For Discussions Join : Discord
- Fork the repository and clone your fork locally.
- Set up the environment following the steps in the README.
- Create a new branch for your work with a descriptive name.
- Make your changes in small, focused commits.
- Run the linter and tests before pushing.
- Submit a pull request against the
mainbranch.
If you encounter a bug or want to suggest an improvement, open an issue. Please include:
- A clear title and description.
- Steps to reproduce the problem (if reporting a bug).
- Expected behavior versus actual behavior.
- Screenshots, logs, or environment details if relevant.
For sensitive security-related issues, please do not file a public issue. Instead, reach out directly to the maintainer.
Before starting work on a new feature, open an issue to discuss the idea. This helps ensure efforts are aligned with the direction of the project. Describe:
- The problem you are solving.
- The proposed solution.
- Any impact on the existing data model or flows.
- Follow existing patterns in the codebase.
- Use TypeScript where possible to keep types clear and reduce errors.
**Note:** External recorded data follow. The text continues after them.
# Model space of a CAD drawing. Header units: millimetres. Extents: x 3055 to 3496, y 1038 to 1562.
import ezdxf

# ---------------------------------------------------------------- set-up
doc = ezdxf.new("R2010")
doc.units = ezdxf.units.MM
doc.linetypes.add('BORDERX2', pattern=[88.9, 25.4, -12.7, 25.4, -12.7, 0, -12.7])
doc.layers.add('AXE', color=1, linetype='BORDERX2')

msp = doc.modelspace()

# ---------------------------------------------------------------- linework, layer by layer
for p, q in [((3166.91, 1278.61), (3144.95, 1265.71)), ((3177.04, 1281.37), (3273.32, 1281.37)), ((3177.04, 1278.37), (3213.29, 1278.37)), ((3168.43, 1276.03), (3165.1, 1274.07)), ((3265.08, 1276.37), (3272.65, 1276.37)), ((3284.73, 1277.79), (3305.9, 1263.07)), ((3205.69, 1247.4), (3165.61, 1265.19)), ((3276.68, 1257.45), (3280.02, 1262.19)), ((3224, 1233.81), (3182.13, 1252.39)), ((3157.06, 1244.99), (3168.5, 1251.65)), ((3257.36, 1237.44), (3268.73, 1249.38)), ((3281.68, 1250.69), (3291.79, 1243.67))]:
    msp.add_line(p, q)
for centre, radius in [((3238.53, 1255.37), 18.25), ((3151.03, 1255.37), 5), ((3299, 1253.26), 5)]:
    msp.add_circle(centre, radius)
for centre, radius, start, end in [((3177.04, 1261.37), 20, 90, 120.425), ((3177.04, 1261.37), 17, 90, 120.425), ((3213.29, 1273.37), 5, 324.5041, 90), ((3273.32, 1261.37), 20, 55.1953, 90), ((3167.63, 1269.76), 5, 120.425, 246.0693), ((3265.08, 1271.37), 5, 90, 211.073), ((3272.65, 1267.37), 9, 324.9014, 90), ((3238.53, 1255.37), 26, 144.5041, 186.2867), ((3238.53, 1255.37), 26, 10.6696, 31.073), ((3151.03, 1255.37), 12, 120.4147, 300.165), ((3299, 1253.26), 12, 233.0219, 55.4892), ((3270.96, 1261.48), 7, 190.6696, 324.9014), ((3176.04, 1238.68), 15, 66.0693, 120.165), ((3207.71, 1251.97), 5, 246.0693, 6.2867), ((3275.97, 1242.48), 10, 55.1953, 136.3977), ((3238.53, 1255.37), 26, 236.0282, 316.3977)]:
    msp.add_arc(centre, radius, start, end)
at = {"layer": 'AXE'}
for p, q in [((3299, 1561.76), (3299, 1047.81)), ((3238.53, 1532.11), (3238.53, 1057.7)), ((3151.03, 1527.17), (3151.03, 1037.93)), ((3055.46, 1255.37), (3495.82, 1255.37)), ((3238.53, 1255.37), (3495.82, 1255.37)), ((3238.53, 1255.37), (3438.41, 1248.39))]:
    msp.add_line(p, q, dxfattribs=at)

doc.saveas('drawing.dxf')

- Keep functions small and focused.
- Frontend: Next.js with Tailwind CSS
- Backend: Prisma with PostgreSQL
- Real-time: Redis for caching and match detection
- Auth: Clerk
- Hosting: Vercel
Environment variables are required for Redis and Postgres (see README).
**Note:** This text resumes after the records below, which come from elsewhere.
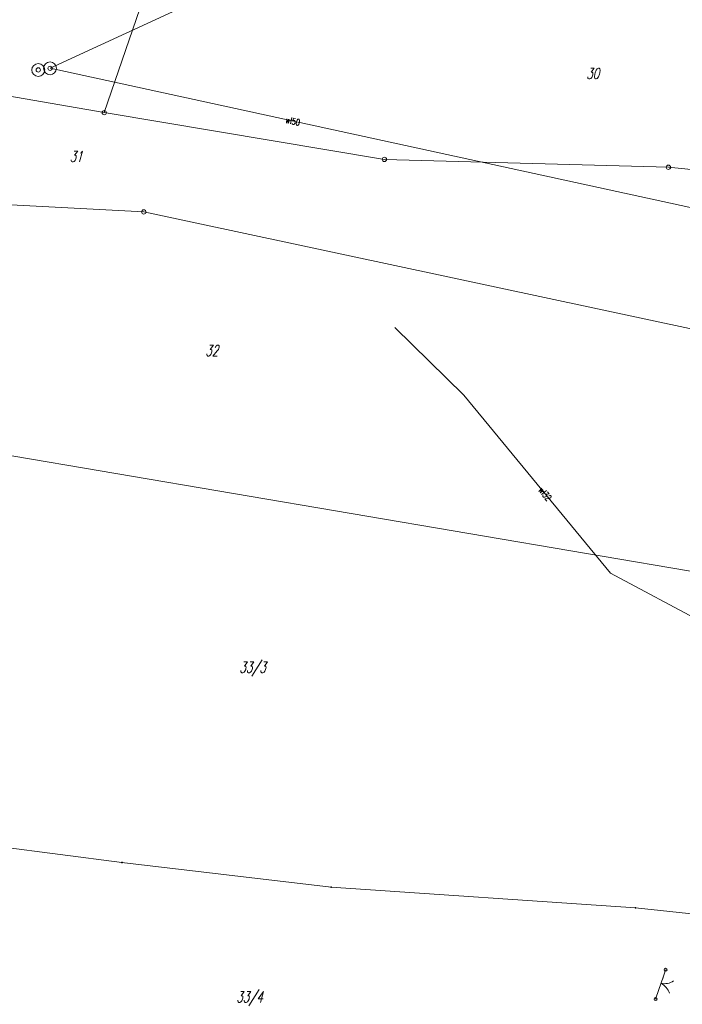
# Model space of a CAD drawing. Header units: metres. Extents: x 8389512 to 8390482, y 5507926 to 5510333.
# Tile 4 of 49: x 8389805 to 8389882, y 5508254 to 5508368. Entities that reach past the tile are written whole.
import ezdxf
from ezdxf.enums import TextEntityAlignment as Align

# ---------------------------------------------------------------- set-up
doc = ezdxf.new("R2010")
doc.units = ezdxf.units.M
doc.header["$MEASUREMENT"] = 0
doc.linetypes.add('1', pattern=[0])
doc.linetypes.add('4_SUWP', pattern=[0])
doc.layers.get('0').update_dxf_attribs({"color": 252, "linetype": 'CONTINUOUS', "lineweight": 100})
for name, color, linetype, lineweight in [('Dzialki', 252, '1', 18), ('Numery_dzialek', 252, 'CONTINUOUS', 13), ('OTO_L_1', 252, 'CONTINUOUS', 18), ('Punkty', 252, 'CONTINUOUS', 9), ('SUW_T_3', 252, 'CONTINUOUS', 18), ('SUWP_E_T_0', 5, 'CONTINUOUS', 0), ('SUWP_L_0', 5, '4_SUWP', 18)]:
    doc.layers.add(name, color=color, linetype=linetype, lineweight=lineweight)
doc.styles.get("Standard").update_dxf_attribs({"font": 'Simplex.SHX', "width": 0.75})

# ---------------------------------------------------------------- blocks, each defined once
blk = doc.blocks.new('GRT')
at = {"linetype": 'Continuous'}
blk.add_circle((0, 0), 0.25, dxfattribs=at)
blk = doc.blocks.new('GRO')
at = {"linetype": 'Continuous'}
blk.add_circle((0, 0), 0.045, dxfattribs=at)
blk = doc.blocks.new('4_SUWS')
at = {"linetype": 'Continuous'}
for radius in [0.75, 0.25]:
    blk.add_circle((0, 0), radius, dxfattribs=at)

msp = doc.modelspace()

# ---------------------------------------------------------------- linework, layer by layer
at = {"layer": 'Dzialki'}
for p, q in [((8389815.18, 5508357.54), (8389822, 5508377.43)), ((8389757.14, 5508367.61), (8389815.18, 5508357.54)), ((8389815.18, 5508357.54), (8389847.76, 5508352.1)), ((8389847.76, 5508352.1), (8389880.8, 5508351.19)), ((8389880.8, 5508351.19), (8389946.09, 5508344.56)), ((8389759.33, 5508349.25), (8389819.78, 5508345.98)), ((8389819.78, 5508345.98), (8389883.8, 5508332.3)), ((8389796.23, 5508318.98), (8389907.72, 5508300.01)), ((8389770.84, 5508276.29), (8389817.24, 5508270.25)), ((8389817.24, 5508270.25), (8389841.56, 5508267.4)), ((8389841.56, 5508267.4), (8389876.97, 5508264.99)), ((8389876.97, 5508264.99), (8389904.04, 5508262.07))]:
    msp.add_line(p, q, dxfattribs=at)
at = {"layer": 'OTO_L_1'}
for p, q in [((8389880.47, 5508257.78), (8389880.09, 5508256.66)), ((8389880.17, 5508256.9), (8389879.68, 5508255.48)), ((8389879.68, 5508255.48), (8389879.3, 5508254.36))]:
    msp.add_line(p, q, dxfattribs=at)
for centre in [(8389880.47, 5508257.78), (8389879.3, 5508254.36)]:
    msp.add_circle(centre, 0.17, dxfattribs=at)
for centre, start, end in [((8389880.3, 5508258.15), 259.1353, 303.2096), ((8389879.02, 5508254.4), 19.172, 63.2464)]:
    msp.add_arc(centre, 2, start, end, dxfattribs=at)
at = {"layer": 'SUWP_L_0', "linetype": '4_SUWP'}
for p, q in [((8389808.87, 5508362.7), (8389913.22, 5508410.94)), ((8389901.37, 5508342.57), (8389808.87, 5508362.7)), ((8389848.96, 5508332.54), (8389856.99, 5508324.64)), ((8389856.99, 5508324.64), (8389874.05, 5508303.94)), ((8389874.05, 5508303.94), (8389887.32, 5508296.83))]:
    msp.add_line(p, q, dxfattribs=at)

# ---------------------------------------------------------------- block references
at = {"layer": 'Punkty'}
for name, p in [('GRT', (8389815.18, 5508357.54)), ('GRT', (8389847.76, 5508352.1)), ('GRT', (8389880.8, 5508351.19)), ('GRT', (8389819.78, 5508345.98)), ('GRO', (8389817.24, 5508270.25)), ('GRO', (8389841.56, 5508267.4)), ('GRO', (8389876.97, 5508264.99))]:
    msp.add_blockref(name, p, dxfattribs=at)
at = {"layer": 'SUW_T_3'}
for p in [(8389807.5, 5508362.51), (8389808.87, 5508362.7)]:
    msp.add_blockref('4_SUWS', p, dxfattribs=at)

# ---------------------------------------------------------------- texts
at = {"layer": 'Numery_dzialek', "oblique": 15, "width": 0.7}
for s, p in [('30', (8389871.98, 5508362.09)), ('31', (8389811.9, 5508352.43)), ('32', (8389827.68, 5508329.84)), ('33/3', (8389832.43, 5508292.89)), ('33/4', (8389832.07, 5508254.52))]:
    msp.add_text(s, height=1.25, dxfattribs=at).set_placement(p, align=Align.MIDDLE)
at = {"layer": 'SUWP_E_T_0', "lineweight": 9, "width": 0.7}
for s, rotation, p in [('wl50', 347.7226, (8389837.12, 5508356.55)), ('wl32', 309.4881, (8389866.45, 5508313.15))]:
    msp.add_text(s, height=0.75, rotation=rotation, dxfattribs=at).set_placement(p, align=Align.MIDDLE)

doc.saveas('drawing.dxf')

When opening a pull request:
- Reference any related issue.
- Summarize the change in the PR description.
- Add migration or setup notes if needed.
- Keep PRs small and focused for easier review.
The project also has a community Discord server where contributors share ideas, feedback, and roadmaps. Once you make your first contribution, feel free to join and introduce yourself.
MIT License. Hackmate is open for experimentation, forking, and extension.